The response should consist of the data below, copied exactly, with no pictures in it.

Provided records:

== Segment start ==

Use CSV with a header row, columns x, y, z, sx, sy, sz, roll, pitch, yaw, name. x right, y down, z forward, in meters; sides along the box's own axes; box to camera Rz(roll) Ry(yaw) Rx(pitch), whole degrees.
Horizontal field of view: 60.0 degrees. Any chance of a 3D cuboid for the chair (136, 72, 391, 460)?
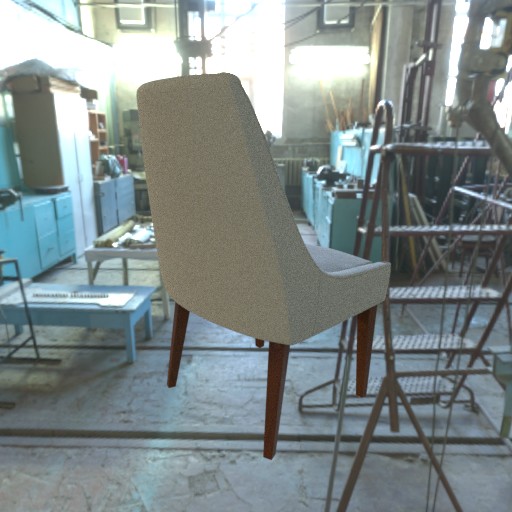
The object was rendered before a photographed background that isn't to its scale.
x,y,z,sx,sy,sz,roll,pitch,yaw,name
0.000,0.000,1.200,0.544,0.861,0.529,-14,21,-42,chair

== Segment end ==

Worked solution:
Use CSV with a header row, columns x, y, z, sx, sy, sz, roll, pitch, yaw, name. x right, y down, z forward, in meters; sides along the box's own axes; box to camera Rz(roll) Ry(yaw) Rx(pitch), whole degrees.
Horizontal field of view: 60.0 degrees. Any chance of a 3D cuboid for the chair (136, 72, 391, 460)?
The object was rendered before a photographed background that isn't to its scale.
x,y,z,sx,sy,sz,roll,pitch,yaw,name
0.000,0.000,1.200,0.544,0.861,0.529,-14,21,-42,chair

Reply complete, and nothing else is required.